My own example from this here is in a former job, wind tunnel data was captured as thousands of PNG files which were frames from a camera. The data was shipped back to me on a hard drive, and I was asked to store it on an HSM system with tape as the lowest tier.
I knew that the PNG files had all bene processed anyway, and significant data had been extracted. The engineers wanted to keep the data 'just in case'. I knew that keeping thousands of files is bad for filesystem performance and also on a tape based system you can have the fiels stored on many tapes, so if you ever do trigger a recall you have  a festival of robot tape loading. So what I did was zip up all the directories.

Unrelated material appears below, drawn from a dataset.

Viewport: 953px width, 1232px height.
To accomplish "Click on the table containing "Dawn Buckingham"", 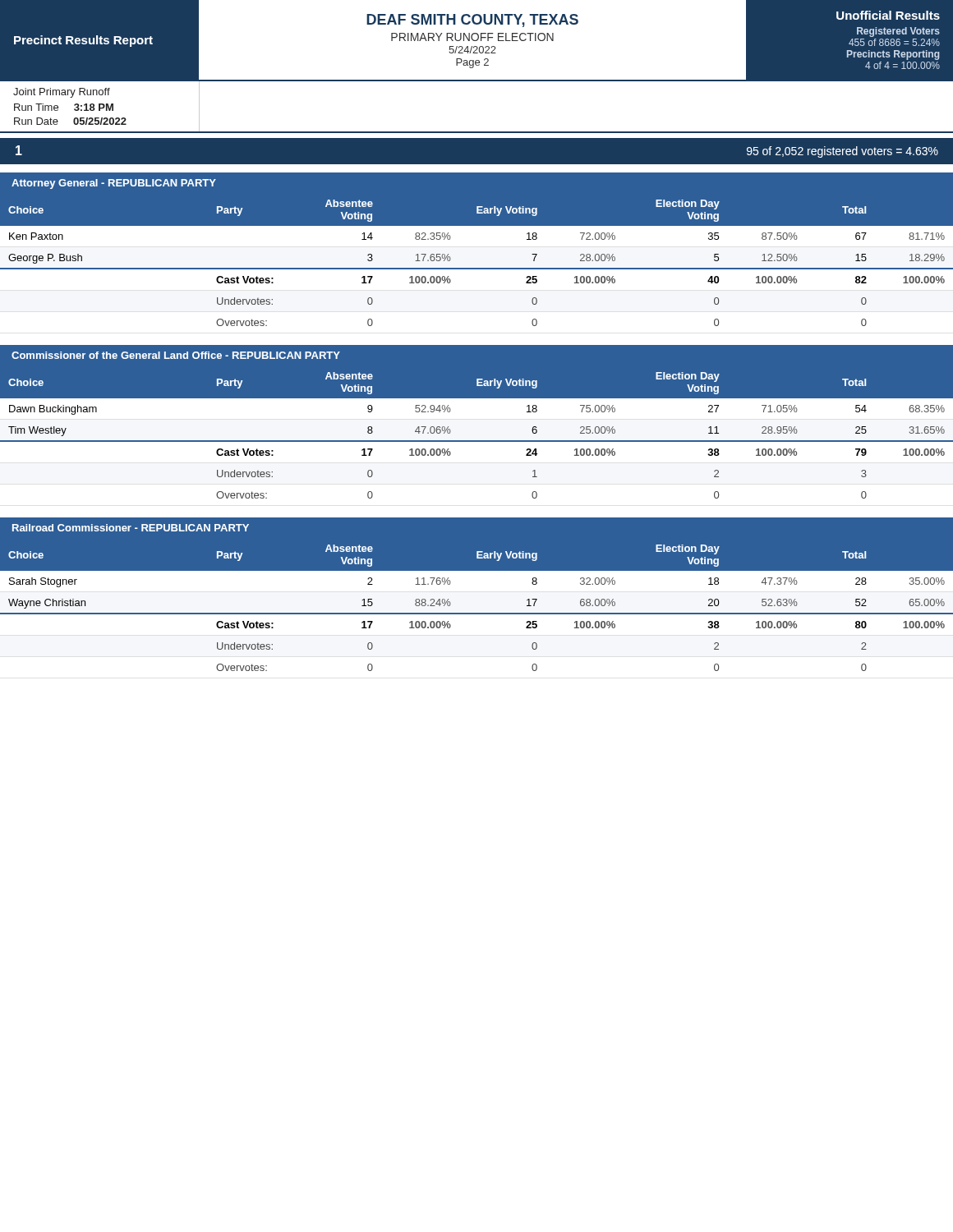I will pyautogui.click(x=476, y=436).

-----Original Message-----
From: gpfsug-discuss-bounces at spectrumscale.org [mailto:gpfsug-discuss-bounces at spectrumscale.org] On Behalf Of Jonathan Buzzard
Sent: Tuesday, January 16, 2018 6:26 PM
To: gpfsug main discussion list <gpfsug-discuss at spectrumscale.org>
Subject: Re: [gpfsug-discuss] GPFS best practises : end user standpoint

On Tue, 2018-01-16 at 16:35 +0000, Buterbaugh, Kevin L wrote:

[SNIP]

>
> We’re in Tennessee, so not only do we not speak English, we barely
> speak American … y’all will just have to understand, bless your
> hearts!  ;-).
>
> But seriously, like most Universities, we have a ton of users for whom
> English is not their “primary” language, so dealing with “interesting”
> filenames is pretty hard to avoid.  And users’ problems are our
> problems whether or not they’re our problem.
>

User comes with problem, you investigate find problem is due to "wacky"
characters point them to the mandatory training documentation, tell them they need to rename their files to something sane and take no further action. Sure English is not their primary language but *they* have chosen to study in an English speaking country so best to actually embrace that.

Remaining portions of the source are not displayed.